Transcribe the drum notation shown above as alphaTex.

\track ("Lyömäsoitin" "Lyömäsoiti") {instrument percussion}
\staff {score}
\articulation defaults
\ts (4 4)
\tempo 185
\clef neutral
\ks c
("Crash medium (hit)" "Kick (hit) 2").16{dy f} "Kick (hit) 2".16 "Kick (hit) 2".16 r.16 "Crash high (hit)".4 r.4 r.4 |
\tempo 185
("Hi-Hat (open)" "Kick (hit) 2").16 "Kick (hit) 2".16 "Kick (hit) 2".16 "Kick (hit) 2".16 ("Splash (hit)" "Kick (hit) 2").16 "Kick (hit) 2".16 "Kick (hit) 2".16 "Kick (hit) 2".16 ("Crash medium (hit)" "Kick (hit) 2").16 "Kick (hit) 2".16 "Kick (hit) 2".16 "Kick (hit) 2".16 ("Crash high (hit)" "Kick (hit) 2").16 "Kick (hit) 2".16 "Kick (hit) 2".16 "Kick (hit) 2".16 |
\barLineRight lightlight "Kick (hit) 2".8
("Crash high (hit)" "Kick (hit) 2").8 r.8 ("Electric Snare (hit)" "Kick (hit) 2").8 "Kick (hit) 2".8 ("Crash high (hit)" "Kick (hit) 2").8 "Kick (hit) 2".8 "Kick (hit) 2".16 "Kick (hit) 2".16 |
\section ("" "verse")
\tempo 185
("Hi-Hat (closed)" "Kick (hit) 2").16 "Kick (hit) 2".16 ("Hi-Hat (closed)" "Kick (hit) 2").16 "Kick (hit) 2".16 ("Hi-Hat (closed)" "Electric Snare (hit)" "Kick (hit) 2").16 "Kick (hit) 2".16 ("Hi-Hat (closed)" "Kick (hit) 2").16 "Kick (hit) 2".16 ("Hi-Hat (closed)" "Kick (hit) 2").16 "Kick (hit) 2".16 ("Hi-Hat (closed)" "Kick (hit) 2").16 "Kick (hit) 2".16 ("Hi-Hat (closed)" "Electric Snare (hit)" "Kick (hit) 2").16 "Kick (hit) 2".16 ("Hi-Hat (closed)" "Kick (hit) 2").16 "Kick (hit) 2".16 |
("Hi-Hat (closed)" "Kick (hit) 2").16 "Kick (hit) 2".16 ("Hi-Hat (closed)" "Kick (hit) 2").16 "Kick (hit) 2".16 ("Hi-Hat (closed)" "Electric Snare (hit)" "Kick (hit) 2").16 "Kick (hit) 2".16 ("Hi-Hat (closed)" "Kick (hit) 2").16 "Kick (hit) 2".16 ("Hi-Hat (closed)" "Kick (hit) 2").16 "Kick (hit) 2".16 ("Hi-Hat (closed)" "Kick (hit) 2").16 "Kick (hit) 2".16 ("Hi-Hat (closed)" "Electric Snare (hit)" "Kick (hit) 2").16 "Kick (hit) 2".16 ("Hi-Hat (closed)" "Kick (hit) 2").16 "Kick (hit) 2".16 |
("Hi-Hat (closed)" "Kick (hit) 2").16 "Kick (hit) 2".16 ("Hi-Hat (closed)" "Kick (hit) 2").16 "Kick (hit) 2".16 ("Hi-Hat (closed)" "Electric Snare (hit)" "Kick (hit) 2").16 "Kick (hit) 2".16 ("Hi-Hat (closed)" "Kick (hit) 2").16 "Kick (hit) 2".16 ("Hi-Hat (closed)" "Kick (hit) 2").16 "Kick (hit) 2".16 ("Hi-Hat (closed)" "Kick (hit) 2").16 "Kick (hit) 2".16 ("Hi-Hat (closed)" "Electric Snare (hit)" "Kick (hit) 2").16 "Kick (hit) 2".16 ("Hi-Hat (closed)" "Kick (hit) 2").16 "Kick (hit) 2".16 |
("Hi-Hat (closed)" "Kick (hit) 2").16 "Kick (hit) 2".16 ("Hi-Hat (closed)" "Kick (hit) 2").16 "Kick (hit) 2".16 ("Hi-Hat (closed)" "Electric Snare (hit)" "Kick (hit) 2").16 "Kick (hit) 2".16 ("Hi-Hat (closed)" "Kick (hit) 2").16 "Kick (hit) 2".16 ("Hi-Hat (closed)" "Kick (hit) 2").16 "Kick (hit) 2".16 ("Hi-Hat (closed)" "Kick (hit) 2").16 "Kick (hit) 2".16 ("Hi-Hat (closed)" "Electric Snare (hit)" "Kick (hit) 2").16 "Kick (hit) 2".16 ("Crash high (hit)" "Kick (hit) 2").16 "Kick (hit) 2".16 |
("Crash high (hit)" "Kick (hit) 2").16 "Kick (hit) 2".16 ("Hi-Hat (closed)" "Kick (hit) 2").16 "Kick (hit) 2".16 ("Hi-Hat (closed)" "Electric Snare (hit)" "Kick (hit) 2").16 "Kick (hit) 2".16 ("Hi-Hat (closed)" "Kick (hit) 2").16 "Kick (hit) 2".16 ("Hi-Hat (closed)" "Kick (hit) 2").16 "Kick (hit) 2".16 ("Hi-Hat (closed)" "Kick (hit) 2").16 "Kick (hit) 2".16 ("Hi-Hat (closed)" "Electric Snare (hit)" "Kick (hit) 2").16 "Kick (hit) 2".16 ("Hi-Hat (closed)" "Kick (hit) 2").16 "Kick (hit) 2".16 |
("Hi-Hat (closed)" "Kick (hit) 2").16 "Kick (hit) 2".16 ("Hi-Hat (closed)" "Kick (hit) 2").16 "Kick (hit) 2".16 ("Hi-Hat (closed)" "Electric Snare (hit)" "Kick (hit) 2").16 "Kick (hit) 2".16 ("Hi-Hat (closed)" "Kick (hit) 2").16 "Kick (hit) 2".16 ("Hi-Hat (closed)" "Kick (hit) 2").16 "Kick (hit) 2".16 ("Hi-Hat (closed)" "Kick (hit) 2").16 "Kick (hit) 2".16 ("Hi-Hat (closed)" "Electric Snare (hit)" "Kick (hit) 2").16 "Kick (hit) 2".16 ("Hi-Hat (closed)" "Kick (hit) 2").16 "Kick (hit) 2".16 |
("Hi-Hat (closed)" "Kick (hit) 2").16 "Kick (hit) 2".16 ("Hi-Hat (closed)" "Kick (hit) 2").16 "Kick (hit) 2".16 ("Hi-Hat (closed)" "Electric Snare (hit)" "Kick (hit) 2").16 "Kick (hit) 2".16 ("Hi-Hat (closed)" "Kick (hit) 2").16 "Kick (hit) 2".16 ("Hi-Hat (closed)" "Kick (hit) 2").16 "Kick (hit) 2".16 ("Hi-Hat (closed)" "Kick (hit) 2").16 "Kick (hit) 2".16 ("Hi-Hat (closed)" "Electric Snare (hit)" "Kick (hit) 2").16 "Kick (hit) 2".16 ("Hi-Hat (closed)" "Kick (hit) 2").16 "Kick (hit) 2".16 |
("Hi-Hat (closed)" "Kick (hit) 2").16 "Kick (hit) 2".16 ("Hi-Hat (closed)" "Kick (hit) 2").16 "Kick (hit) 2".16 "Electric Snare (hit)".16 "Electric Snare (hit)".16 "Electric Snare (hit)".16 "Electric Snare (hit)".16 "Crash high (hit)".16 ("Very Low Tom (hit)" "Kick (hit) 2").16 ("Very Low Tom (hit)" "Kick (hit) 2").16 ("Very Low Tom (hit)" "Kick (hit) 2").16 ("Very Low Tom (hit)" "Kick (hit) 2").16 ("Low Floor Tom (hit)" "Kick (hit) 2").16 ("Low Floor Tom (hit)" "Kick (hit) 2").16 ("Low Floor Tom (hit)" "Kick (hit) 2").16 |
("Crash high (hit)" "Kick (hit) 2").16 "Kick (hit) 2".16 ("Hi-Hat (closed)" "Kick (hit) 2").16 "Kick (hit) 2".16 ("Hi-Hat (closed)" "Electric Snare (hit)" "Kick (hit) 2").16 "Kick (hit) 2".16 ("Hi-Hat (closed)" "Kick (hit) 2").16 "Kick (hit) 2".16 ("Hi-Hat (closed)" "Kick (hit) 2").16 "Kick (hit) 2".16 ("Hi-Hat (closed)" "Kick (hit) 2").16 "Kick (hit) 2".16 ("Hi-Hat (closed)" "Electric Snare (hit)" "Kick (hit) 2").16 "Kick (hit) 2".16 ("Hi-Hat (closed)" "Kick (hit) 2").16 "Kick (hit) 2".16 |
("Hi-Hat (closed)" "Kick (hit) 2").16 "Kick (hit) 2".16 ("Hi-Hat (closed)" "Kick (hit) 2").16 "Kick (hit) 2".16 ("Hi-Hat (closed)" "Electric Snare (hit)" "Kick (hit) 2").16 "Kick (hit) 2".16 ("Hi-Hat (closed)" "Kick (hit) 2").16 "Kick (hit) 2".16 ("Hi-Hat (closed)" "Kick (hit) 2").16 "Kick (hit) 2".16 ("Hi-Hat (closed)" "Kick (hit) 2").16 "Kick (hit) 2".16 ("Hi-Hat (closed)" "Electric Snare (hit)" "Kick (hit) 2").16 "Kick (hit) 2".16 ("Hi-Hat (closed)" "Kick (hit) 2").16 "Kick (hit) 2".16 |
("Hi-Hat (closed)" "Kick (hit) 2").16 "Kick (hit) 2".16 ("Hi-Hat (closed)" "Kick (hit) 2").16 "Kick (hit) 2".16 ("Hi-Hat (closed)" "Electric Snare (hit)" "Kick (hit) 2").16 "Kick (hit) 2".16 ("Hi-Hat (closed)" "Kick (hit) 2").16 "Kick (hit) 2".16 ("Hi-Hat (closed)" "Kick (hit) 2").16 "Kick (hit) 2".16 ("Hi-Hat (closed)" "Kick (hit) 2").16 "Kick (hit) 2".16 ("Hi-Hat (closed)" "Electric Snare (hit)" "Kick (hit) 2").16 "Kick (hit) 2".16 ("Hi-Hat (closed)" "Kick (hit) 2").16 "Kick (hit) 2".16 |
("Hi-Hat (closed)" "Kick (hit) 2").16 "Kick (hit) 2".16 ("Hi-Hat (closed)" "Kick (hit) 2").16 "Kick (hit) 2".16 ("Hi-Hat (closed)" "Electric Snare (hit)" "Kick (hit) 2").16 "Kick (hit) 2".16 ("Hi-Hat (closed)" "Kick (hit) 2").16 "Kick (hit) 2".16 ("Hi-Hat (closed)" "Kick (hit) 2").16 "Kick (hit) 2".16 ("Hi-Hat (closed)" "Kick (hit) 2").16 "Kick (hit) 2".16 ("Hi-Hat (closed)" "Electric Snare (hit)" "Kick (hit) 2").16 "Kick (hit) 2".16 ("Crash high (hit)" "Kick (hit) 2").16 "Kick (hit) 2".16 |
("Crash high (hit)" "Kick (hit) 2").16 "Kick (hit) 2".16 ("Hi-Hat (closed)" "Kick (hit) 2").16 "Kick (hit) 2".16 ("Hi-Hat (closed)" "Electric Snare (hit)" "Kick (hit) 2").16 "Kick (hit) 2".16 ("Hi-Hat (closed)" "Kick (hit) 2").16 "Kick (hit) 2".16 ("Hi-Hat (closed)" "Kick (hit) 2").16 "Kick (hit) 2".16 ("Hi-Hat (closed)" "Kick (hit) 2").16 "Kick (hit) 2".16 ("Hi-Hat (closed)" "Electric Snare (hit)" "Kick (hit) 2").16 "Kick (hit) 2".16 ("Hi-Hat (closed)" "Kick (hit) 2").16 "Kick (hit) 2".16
◇ ◇ ◇ ◇
**TASK DETAILS**
All lines of the entries containing the string "medium" must be shown in full.

**FINAL ANSWER**
("Crash medium (hit)" "Kick (hit) 2").16{dy f} "Kick (hit) 2".16 "Kick (hit) 2".16 r.16 "Crash high (hit)".4 r.4 r.4 |
("Hi-Hat (open)" "Kick (hit) 2").16 "Kick (hit) 2".16 "Kick (hit) 2".16 "Kick (hit) 2".16 ("Splash (hit)" "Kick (hit) 2").16 "Kick (hit) 2".16 "Kick (hit) 2".16 "Kick (hit) 2".16 ("Crash medium (hit)" "Kick (hit) 2").16 "Kick (hit) 2".16 "Kick (hit) 2".16 "Kick (hit) 2".16 ("Crash high (hit)" "Kick (hit) 2").16 "Kick (hit) 2".16 "Kick (hit) 2".16 "Kick (hit) 2".16 |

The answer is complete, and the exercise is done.